— Какого черта ты себе позволяешь...
Он привстал было, но был остановлен еще одной пощечиной и остался сидеть. Тетя Марит полупридушенно взвыла. У мамки руки и шея зарделись ярким пламенем, похоже было, она вот-вот бросится в новую атаку; должно быть, дядя Оскар тоже заметил это, потому что попытался обхватить ее руками, с тем результатом, что и он тоже схлопотал по морде.
— Конечно, теперь тебе понадобилось встрять, — завопила она. — А где же ты был, когда был нужен мне?!
— Что это вы там вытворяете? — крикнула бабушка из гостиной.
— Посмотри на нее! — закричала мамка стальным голосом, показывая на забившуюся в угол Линду, вцепившуюся одной рукой в бамбуковую палочку от «микадо» и в меня — другой; или, может, это я в нее вцепился, а не она в меня. — Это тебе ничего не напоминает? Это тебе ничего не напоминает?
Дядя Оскар виновато и жалко поник.
— Ты был взрослым и видел, что происходит, — не унималась мамка, — и ты, и эта бестолочь в гостиной!
— Больно! — воскликнула Марит, и другие девчонки расплакались все по очереди; тут мамка, похоже, пришла в себя и начала воспринимать окружающее, может быть, услышала невнятное бормотание дяди Бьярне:
— Думаешь, он только над тобой измывался, дура.

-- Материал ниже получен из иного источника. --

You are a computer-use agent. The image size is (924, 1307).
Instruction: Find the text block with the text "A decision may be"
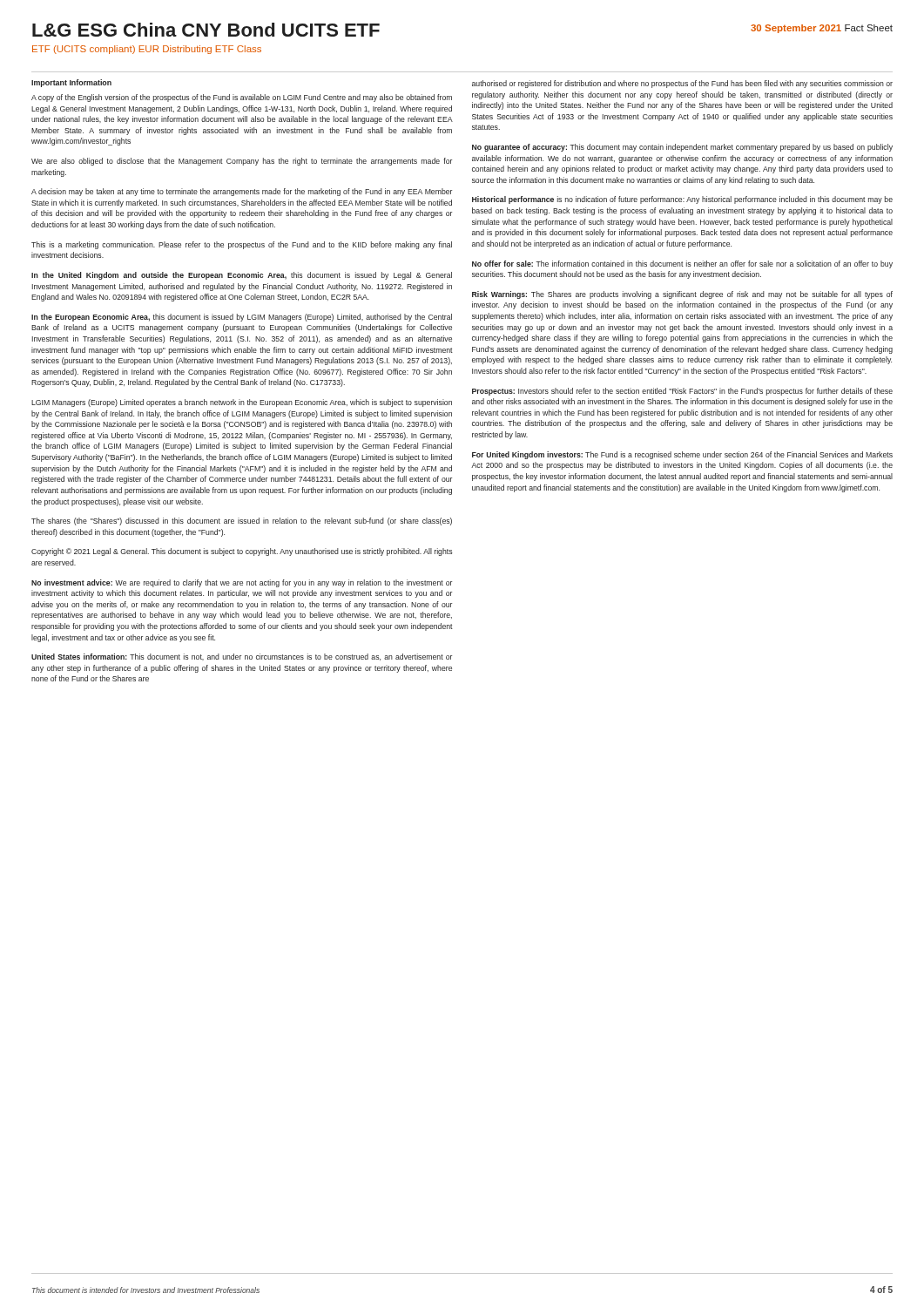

Дальше последовало что-то о темноте в ванной, что, как я понял, имело отношение к их отцу, моему дедушке, о котором говорили еще меньше, чем о моем отце, — мы даже на могилу к нему не ходили, за ней ухаживал дядя Оскар; я один раз с ним сходил накануне Рождества четыре года тому назад, днем, холодина была жуткая; мы зажгли свечки и положили венок среди миллионов других, а когда я спросил, на небе ли дедушка, дядя Оскар тихо и спокойно пробубнил, выпустив морозный пар, что — нет, он в аду.
Услышать подобное от дяди Оскара — такое не часто случается, так что я постоял немного, ковыряя снег носком ботинка и раздумывая; но он сказал это так, что слова прозвучали буднично, дескать, где-то для каждого из нас найдется место, так что я совсем про это забыл, а вспомнил только сейчас, когда обнаружил, что и на дядю Тура тоже нашло что-то непонятное и он стоит, прижавшись лбом к ледяному оконному стеклу, и плачет как ребенок.
— Да, веселенькая у нас семейка, — фыркнула мамка и объявила, что праздник закончен, для нас во всяком случае, вытащила нас за собой в прихожую и принялась одевать Линду, стоявшую прямо как зажженная свечка и все еще сжимавшую в руке палочку от «микадо»; мамке пришлось сломать ее, чтобы надеть на эту руку варежку, я тем временем запихивал обратно в рюкзак наши подарки.
— Чего это вы там делаете? — крикнула бабушка.